Spell Chek

I got google chrome not to long ago after firefox blew up with how much porn I was downloading. It was screaming and on fire telling me just to uninstall it, but I didn’t and watched it in pain as I could hear the program straining to open fucking facebook. Then firefox just uninstalled itself, which is by the way the closest thing you can get to program suicide. So I opened internet explorer which is collecting dust in my computer and was so excited that someone wanted to open it, it crashed so I had to re-open it and I downloaded chrome. Well back to the back of my computer internet explorer, so you my grow old and die alone. O, getting dark here, anyways chrome has spell check which is so monumentally fucking amazing that I shit my pants when I saw the little squiggly red line show up underneath a mistyped “Massachusetts” . I thought that my computer was possessed by an evil grammar demon, so I immediately closed the internet and threw holy water on my computer.
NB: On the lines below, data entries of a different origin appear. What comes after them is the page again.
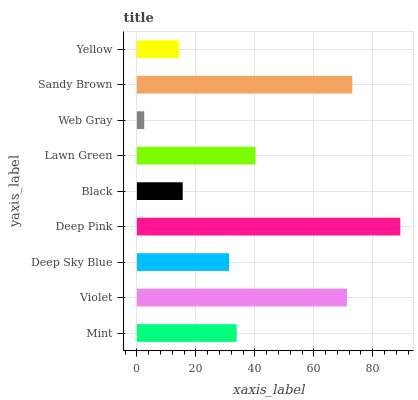Is Web Gray the minimum?
Answer yes or no. Yes. Is Deep Pink the maximum?
Answer yes or no. Yes. Is Violet the minimum?
Answer yes or no. No. Is Violet the maximum?
Answer yes or no. No. Is Violet greater than Mint?
Answer yes or no. Yes. Is Mint less than Violet?
Answer yes or no. Yes. Is Mint greater than Violet?
Answer yes or no. No. Is Violet less than Mint?
Answer yes or no. No. Is Mint the high median?
Answer yes or no. Yes. Is Mint the low median?
Answer yes or no. Yes. Is Black the high median?
Answer yes or no. No. Is Sandy Brown the low median?
Answer yes or no. No.

I thought it was blasphemy(I mistyped that word and chrome just spell checked it for me!) This whole functionality is like it was created by Einstein…from the future…who is also a robot! Fuck it, its sick. I can go on facebook attempt to make a status that is memorable or at least funny(which is no small task) and I don’t have to have some douche bag who comments in 20 seconds saying the correct word with an * next to it. Like people who correct what your saying while your fucking talking. “me and Jake…” “JAKE AND I!!!!” “I will tear your fucking tongue out.” “HA, I totally just called you on that, hehe continue” “I will slap you with your own uterus…Phill” Pisses me off.